Friday, 17 October 2008

Why do people in Britain care about the outcome of the upcoming US Presidential election?

Now, I should clarify. By this I am not questioning why do people care about the eventual outcome of an election that decides arguably (and misguidedly) the man who is the 'leader of the free world' and thus has the power and ability to effect us all. What I am questioning is why some people, particularly colleagues and specific friends of mine, throw themselves into this particular arena with quite so much passion - what is it that they actually hope to achieve?

Having sat through what was a deliberately provocative and not-particularly intellectual hour outlining the 'race so far I was surprised to find myself among about 6 others hanging around to further engage with the topic. It wasn't so much the engaging with the topic and subject matter of the comments that followed that took me by surprise, but the way in which they were delivered. One guy, from London, started to rant about how McCain was no different to Bush really and that the way that he was trying to distance himself from the administration was nothing short of abominable. Another then followed with a breathless retort about how Obama was at least, "and I mean AT LEAST" (he yelled), as guilty as McCain was of denying his ideological roots. While these are both valid points, the arena they were delivered in was fantastically bizarre. Here we were in the middle of a lecture theatre in Bristol (in the UK), in week zero of term, at lunchtime, surrounded by a handful of other non-US citizens hearing why "we" should or shouldn't support Obama/McCain. I appreciate the passion for politics, the interest in international affairs, and the general feeling of disgust about pretty much all aspects of the American electoral system (apart from its ability to stimulate debate, evidently). But what i do not appreciate is the egotistic view that 'my', or 'your', or 'our' support makes a bleeding smidgen of difference to these people!
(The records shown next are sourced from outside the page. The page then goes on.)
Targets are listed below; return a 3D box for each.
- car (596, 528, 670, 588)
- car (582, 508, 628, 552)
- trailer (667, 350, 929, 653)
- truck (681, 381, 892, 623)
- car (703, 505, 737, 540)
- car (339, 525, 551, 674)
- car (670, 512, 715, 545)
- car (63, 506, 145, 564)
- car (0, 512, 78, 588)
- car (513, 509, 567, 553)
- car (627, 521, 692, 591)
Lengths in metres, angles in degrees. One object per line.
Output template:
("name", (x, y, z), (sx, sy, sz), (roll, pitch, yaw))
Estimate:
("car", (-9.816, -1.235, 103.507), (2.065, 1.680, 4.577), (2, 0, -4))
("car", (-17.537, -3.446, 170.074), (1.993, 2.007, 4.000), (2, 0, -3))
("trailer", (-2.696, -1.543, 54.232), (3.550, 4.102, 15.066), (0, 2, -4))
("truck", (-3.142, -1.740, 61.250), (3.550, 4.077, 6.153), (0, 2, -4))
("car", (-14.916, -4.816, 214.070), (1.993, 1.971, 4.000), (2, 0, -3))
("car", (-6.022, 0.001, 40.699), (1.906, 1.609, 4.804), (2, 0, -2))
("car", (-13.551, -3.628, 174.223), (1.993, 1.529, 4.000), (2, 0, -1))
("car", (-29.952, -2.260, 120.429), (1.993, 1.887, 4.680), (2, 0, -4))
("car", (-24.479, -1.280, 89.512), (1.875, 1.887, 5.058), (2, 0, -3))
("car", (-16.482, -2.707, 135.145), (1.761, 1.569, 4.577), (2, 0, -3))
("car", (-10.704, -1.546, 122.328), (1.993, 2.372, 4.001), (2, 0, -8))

I genuinely believe that foreign nations have the ability to affect American foreign policy, but in an arena that is pantomimic at its most sophisticated it seems wise to acknowledge that under such circumstances the Americans will only acknowledge we exist when we agree with them and support them, or disagree with them when they feel we shouldn't and they get hurt by it (freedom fries anyone?). So the chances of Obama, McCain, or - god forbid - Baden or Palin giving two hoots about what we think is minimal at absolute best.
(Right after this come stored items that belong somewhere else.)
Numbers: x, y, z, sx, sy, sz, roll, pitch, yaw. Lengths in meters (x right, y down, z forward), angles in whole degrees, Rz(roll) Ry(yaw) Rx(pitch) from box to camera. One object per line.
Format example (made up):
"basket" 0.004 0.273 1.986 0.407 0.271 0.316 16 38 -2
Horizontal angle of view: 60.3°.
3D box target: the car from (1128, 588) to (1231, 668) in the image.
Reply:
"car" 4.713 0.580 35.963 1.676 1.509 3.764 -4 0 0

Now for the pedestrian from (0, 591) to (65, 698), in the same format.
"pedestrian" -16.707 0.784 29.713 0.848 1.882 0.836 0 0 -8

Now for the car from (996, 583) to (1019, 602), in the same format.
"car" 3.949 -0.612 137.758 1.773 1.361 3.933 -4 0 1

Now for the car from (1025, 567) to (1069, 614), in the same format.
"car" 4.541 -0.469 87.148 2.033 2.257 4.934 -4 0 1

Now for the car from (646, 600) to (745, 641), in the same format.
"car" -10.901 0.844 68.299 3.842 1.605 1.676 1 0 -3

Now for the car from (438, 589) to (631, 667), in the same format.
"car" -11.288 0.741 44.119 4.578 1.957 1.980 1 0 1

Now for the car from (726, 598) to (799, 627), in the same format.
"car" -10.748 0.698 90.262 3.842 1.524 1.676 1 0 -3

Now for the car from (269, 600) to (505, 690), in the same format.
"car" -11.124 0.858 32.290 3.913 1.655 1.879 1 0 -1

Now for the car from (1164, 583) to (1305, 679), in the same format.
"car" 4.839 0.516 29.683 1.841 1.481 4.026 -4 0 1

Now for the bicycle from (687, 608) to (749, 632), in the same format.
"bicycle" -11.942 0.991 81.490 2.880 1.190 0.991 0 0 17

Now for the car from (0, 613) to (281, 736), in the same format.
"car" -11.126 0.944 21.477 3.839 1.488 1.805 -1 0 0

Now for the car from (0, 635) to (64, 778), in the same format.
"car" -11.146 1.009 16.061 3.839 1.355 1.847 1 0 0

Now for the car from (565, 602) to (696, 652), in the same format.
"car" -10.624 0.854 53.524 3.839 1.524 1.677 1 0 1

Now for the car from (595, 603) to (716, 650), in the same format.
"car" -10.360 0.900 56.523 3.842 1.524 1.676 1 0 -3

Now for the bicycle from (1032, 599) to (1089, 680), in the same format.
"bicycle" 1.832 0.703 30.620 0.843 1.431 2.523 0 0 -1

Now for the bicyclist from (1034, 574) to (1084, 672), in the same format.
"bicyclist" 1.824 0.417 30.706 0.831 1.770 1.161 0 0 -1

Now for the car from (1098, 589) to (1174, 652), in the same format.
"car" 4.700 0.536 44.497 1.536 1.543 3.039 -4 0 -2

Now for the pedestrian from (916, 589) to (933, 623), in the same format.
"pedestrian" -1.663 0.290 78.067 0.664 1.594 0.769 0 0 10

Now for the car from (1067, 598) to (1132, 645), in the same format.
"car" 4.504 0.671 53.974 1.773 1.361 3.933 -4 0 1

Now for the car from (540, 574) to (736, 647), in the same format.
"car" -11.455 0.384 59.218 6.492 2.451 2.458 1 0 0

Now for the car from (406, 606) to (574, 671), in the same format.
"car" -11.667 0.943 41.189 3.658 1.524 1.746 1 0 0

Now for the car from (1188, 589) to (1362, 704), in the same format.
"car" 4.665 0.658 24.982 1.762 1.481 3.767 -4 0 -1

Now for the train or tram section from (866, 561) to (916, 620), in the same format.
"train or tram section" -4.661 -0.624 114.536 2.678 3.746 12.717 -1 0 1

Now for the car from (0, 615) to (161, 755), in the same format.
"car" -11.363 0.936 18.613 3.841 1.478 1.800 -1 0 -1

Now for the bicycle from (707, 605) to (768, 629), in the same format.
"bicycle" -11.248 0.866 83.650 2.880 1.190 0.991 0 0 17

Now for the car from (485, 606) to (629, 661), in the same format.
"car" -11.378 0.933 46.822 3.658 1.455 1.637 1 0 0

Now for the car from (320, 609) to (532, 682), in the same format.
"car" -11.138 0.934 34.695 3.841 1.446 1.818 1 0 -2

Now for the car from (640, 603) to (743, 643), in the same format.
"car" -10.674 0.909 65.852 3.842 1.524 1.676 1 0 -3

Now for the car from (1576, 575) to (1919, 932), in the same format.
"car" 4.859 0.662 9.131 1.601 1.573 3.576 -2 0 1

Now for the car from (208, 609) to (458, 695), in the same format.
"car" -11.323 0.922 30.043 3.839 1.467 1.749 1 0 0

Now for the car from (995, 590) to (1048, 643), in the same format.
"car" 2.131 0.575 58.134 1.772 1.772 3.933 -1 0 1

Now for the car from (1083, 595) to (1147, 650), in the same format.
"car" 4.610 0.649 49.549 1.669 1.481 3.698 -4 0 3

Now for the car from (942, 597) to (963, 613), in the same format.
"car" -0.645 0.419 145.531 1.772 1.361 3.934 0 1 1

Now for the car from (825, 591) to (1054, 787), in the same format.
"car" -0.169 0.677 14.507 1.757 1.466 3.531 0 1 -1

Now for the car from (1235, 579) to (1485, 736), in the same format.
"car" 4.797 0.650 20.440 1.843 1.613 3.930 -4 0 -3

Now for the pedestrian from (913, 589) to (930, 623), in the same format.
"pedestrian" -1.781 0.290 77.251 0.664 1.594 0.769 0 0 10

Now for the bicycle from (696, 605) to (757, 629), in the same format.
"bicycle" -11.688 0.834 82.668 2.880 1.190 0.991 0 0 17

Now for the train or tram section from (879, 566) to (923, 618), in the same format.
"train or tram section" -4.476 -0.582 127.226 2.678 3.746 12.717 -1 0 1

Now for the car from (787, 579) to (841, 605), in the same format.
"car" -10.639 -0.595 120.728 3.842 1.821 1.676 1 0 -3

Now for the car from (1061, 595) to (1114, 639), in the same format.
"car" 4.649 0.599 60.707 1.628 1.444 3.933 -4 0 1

Is it even possible for a foreigner to make a difference? I saw the Co-Chair of 'McCain 2008' on a special edition of Newsnight who simply patronised his way through a tremendously easy 20mins of 'questioning' on the basis that he was there to deliver McCain's message and if we don't buy it, who cares?! Either accept that McCain is the 'man of experience', 'the candidate of low taxation', 'the trustworthy American with a clean social past', or don't. What difference does it really make to his "friend". At least he wasn't as bad as the following Democrat spokeswoman who claimed that the recent debate turned a couple of her (most likely imaginary) relatives into Obama supporters. She was clearly able to deliver this at best demi-truth so confidently via one of the most respected broadcasters in the world on the basis that if it emerged that she was lying then again, so what?! Practically all the viewers will not be enfranchised in this particular election. Could we prosecute her? No. Could we even persecute her to the point that she is no longer taken seriously in her role? It seems unlikely. Really, who are we to do anything about this?
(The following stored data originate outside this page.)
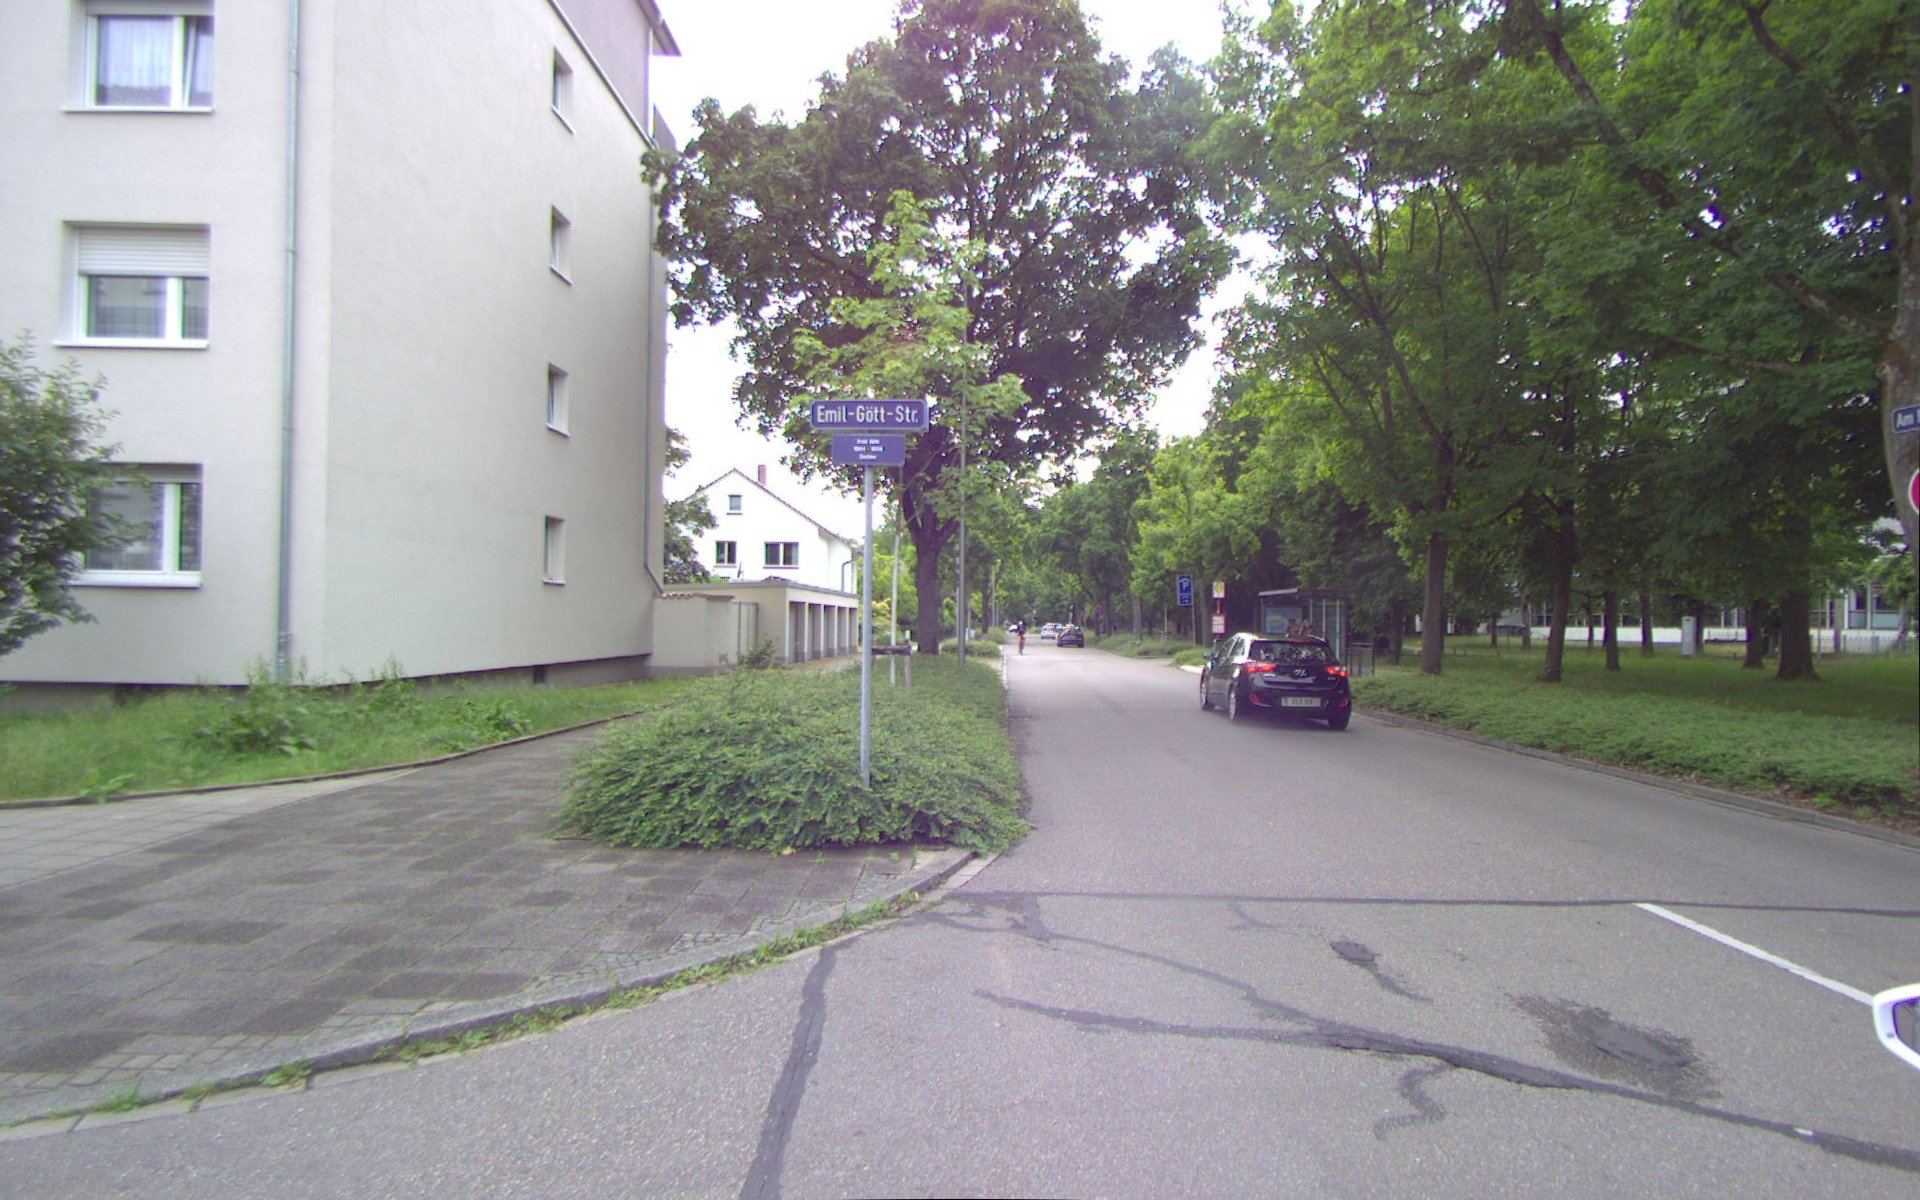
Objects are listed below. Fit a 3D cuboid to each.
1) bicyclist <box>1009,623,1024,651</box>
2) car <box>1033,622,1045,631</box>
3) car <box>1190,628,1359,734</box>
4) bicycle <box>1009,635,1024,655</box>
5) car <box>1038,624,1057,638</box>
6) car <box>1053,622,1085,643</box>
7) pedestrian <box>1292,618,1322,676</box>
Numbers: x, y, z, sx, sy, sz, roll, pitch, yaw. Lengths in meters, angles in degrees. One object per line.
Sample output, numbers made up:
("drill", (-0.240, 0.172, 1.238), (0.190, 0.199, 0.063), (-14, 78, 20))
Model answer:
("bicyclist", (3.093, 2.026, 55.026), (0.771, 1.489, 0.937), (0, -1, 3))
("car", (13.153, 4.397, 167.413), (1.960, 1.505, 4.002), (0, -1, 3))
("car", (5.087, 1.249, 16.793), (1.815, 1.482, 3.829), (1, -1, 4))
("bicycle", (3.074, 2.457, 54.893), (0.781, 1.039, 2.565), (0, -1, 3))
("car", (10.053, 3.566, 115.964), (1.868, 1.505, 4.001), (0, -1, 1))
("car", (7.821, 2.328, 72.354), (1.833, 1.482, 4.117), (0, -1, 0))
("pedestrian", (9.832, 1.326, 28.485), (0.643, 1.604, 0.698), (0, -1, 3))

As such, please, I implore you all - anyone and everyone who ever meets me in the next eight weeks or so - to stop asking who I support. I don't support anyone. I may have a man who I would prefer to see in the White House but I can't affect his selection so therefore I see little point in declaring my interest. Equally if you happen to guess who my affiliation is with and disapprove then please, do not yell or debate with me. I won't listen, and if i did it wouldn't make any difference anyway. For those few who are in a position to affect such power time would be better spent preparing for the whoever it is that finally claims the ultimate throne of democracy than constantly trying to get involved in an issue in which they have to construct themselves as they otherwise simply won't have one. Lord knows, if we'd seen Bush coming and pre-empted the world that he is readying to leave in his wake then maybe we would have a better world right now.

Follow the election, certainly. Care about it, sure. But if you don't have a vote in this particular charade then do not, whatever you do, become so deluded so as to think that who you 'support' matters. I assure you, it doesn't. And in the meantime, most importantly, please stop bugging me.